Reputation: 1181
I want to access data from a particular partition in Spark RDD. I can get address of a partition as follow:
myRDD.partitions(0)
But I want to get data from myRDD.partitions(0)
partition.
I tried official org.apache.spark documentation but couldn't find.
Thanks in advance.
Upvotes: 9
Views: 7829
Reputation: 11
The easiest way is to use glom()
function which goes through each partition and gets all elements into array and then returns new RDD of arrays of elements of each partition where each array is separate partition.

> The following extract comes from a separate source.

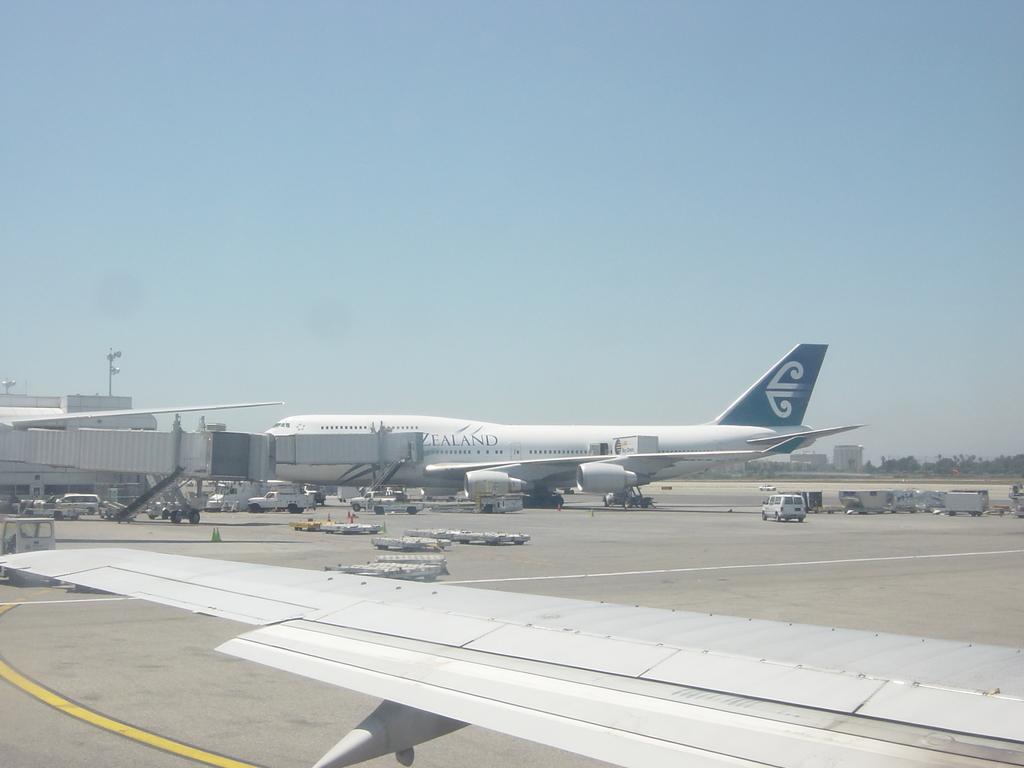In one or two sentences, can you explain what this image depicts? This picture is clicked outside. In the center we can see the aircrafts and we can see the group of vehicles. In the background we can see the sky, buildings, trees and some other objects. 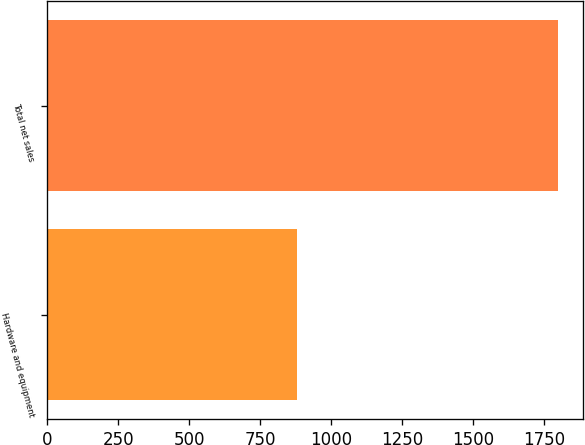<chart> <loc_0><loc_0><loc_500><loc_500><bar_chart><fcel>Hardware and equipment<fcel>Total net sales<nl><fcel>879<fcel>1799<nl></chart>

Let's say we have rdd with data spreading among 5 partitions:
val rdd = sc.parallelize(1 to 20, 5)
Executing rdd.glom.collect
will print:
Array[Array[Int]] = Array(
Array(1, 2, 3, 4),
Array(5, 6, 7, 8),
Array(9, 10, 11, 12),
Array(13, 14, 15, 16),
Array(17, 18, 19, 20)
)
Where each inner array's position is its partition number.
E.g Array(1, 2, 3, 4)
belongs to zeroth partition, Array(5, 6, 7, 8)
to first partition, etc.
Upvotes: 1
Reputation: 330063
You can use mapPartitionsWithIndex
as follows
// Create (1, 1), (2, 2), ..., (100, 100) dataset
// and partition by key so we know what to expect
val rdd = sc.parallelize((1 to 100) map (i => (i, i)), 16)

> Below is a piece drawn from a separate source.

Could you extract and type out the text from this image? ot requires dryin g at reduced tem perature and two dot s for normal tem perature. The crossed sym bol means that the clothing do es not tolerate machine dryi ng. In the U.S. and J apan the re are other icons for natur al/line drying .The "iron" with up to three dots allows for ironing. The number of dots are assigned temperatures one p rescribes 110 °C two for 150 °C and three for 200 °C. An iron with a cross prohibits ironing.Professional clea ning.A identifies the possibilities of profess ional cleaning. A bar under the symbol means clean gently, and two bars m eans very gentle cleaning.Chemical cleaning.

.partitionBy(new org.apache.spark.HashPartitioner(8))
val zeroth = rdd
// If partition number is not zero ignore data
.mapPartitionsWithIndex((idx, iter) => if (idx == 0) iter else Iterator())
// Check if we get expected results 8, 16, ..., 96
assert (zeroth.keys.map(_ % 8 == 0).reduce(_ & _) & zeroth.count == 12)
Upvotes: 12